The DMC gives us a completely new perspective on the nature of our reality, with an understanding that is practical, rationally satisfying, and intuitively accurate. I'll describe and explain the DMC, and give you ways to see it at work within yourself.

This is not merely interesting; it is powerful. Understanding how our consciousness works gives us the power to create the reality we experience. Our first step to understanding consciousness is to break it down into its components. Later, we can reassemble the components into a consciousness system.

The first component is awareness, our fundamental reality. Looked at by itself, awareness is aware of very little, only of itself as an entity, and of course, aware of being aware.

Intuition is the next component. Despite its popular mystique, intuition has only one function in the model. It focuses patterns of experience so that they become vivid or real. Intuition can receive patterns from any direction.

The practical heart of consciousness is our attention system. It is the only component that moves under our direction, and it works like an antenna or tuner that focuses or limits our experience. Without attention, we would not only be aware of all experience patterns at the same time (chaos), but we would have no sense of individual identity.

Awareness, intuition and attention are the heart of our consciousness system. They process experience patterns and give us our sense of living reality. Aside from these three, all else is outside of us, as experience.

Awareness can be visualized as a clear glass marble at the core of the model, enclosed or surrounded by a larger crystal ball, which is intuition.

Attention can be visualized as a ring around intuition, like a ring around the planet Saturn. In the DMC, experience patterns pass through attention, intuition and awareness, and that is how we get to enjoy experiences.

The important point to grasp at this stage is the basic difference between who we are and what we experience. We are awareness. As awareness, we know only two things: that we are aware, and that we are individual. Everything else comes to us from the outside as experience.

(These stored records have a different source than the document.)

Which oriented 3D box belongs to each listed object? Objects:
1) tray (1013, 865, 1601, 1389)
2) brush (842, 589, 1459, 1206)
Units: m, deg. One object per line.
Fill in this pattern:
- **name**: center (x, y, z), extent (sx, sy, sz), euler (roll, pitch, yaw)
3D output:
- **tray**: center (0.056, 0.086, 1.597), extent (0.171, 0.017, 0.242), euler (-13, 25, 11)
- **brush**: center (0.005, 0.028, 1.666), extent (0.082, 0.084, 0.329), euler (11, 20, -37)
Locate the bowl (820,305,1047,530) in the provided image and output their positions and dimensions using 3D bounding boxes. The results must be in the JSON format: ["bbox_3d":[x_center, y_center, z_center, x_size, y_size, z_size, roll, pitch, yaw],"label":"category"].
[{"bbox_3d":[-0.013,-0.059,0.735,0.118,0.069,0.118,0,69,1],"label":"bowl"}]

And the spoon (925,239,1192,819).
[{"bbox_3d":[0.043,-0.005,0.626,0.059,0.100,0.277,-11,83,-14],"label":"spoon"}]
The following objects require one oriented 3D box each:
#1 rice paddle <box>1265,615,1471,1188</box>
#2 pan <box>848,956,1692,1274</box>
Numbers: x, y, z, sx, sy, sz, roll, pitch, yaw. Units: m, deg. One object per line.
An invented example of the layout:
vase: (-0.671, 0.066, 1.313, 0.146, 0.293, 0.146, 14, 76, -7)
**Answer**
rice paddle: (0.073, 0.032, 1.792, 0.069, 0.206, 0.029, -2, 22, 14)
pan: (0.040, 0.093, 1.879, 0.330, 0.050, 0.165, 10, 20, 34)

We pay attention to experience patterns, and intuition brings them alive in our awareness. Technically, experience patterns are frequency wave interference field patterns, or morphic fields. This is not at all as mysterious as it may sound. Just think of the frequency waves from TV stations filling the space around us. They are invisible until they are tuned in to and focused into a meaningful image that we can experience.

Very much the same thing is happening in our consciousness system. The frequency waves of experience patterns are tuned in to by our attention, focused into a meaningful reality by our intuition, and experienced as real in our awareness.

In the DMC, intuition is visualized as a crystal ball because this illustrates how light waves are focused down to a point in the center, the same thing we see when we hold a magnifying glass under the sun and make a hot spot. We aren't aware of experience patterns until they are focused down by intuition.

Because of the lens effect of a crystal ball, we can visualize experience patterns entering the ball of intuition. getting focused down to where we are aware of them as intense realities in the center point of awareness, and then seeing them get defocused or expanded back to their original form on their way out the other side of the ball. This is how we experience anything and everything, other than our awareness itself.

To illustrate this further, let's talk about the common experience of seeing light. Physically, light rays (frequency waves) enter our eyes, but are stopped by the retina at the back of the eyeball. From there, the waves are converted into electrical and chemical signals, and travel through the brain in darkness. Where is the light? Also, we see light in dreams. Where does this light come from? These mysteries are explained by understanding that all experience patterns are resolved or focused by intuition and are then experienced in awareness.

By approaching our experience from the viewpoint of consciousness, rather than from our physical and mental sense, we can understand how we are able to have experience.